Gervaise was delighted with this as it made her feel she was back in a country town. With no close neighbors there would be no gossip to worry about in this little corner. It reminded her of a small lane outside the ramparts of Plassans. She could even see her own window while ironing at the laundry by just tilting her head to the side.
They took possession of their new abode at the April quarter. Gervaise was then eight months advanced. But she showed great courage, saying with a laugh that the baby helped her as she worked; she felt its influence growing within her and giving her strength. Ah, well! She just laughed at Coupeau whenever he wanted her to lie down and rest herself! She would take to her bed when the labor pains came. That would be quite soon enough as with another mouth to feed, they would have to work harder than ever.
She made their new place bright and shiny before helping her husband install the furniture.

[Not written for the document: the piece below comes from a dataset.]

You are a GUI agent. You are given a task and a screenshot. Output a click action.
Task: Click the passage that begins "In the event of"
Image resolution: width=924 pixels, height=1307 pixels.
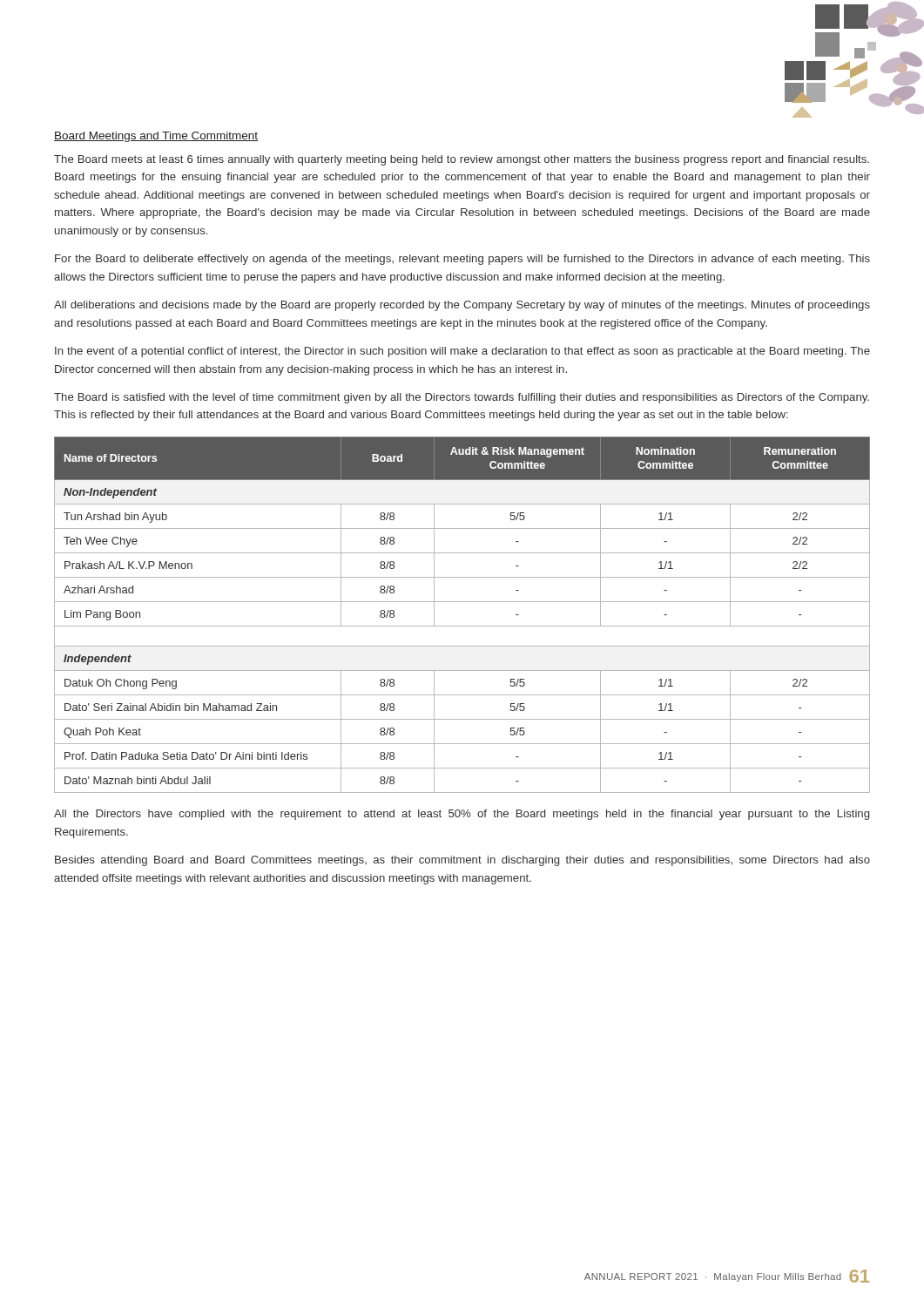tap(462, 360)

She loved the furniture, polishing it and becoming almost heart-broken at the slightest scratch. Any time she knocked into the furniture while cleaning she would stop with a sudden shock as though she had hurt herself.
The chest of drawers was especially dear to her. She thought it handsome, sturdy and most respectable-looking. The dream that she hadn't dared to mention was to get a clock and put it right in the middle of the marble top. It would make a splendid effect. She probably would have bought one right away except for the expected baby.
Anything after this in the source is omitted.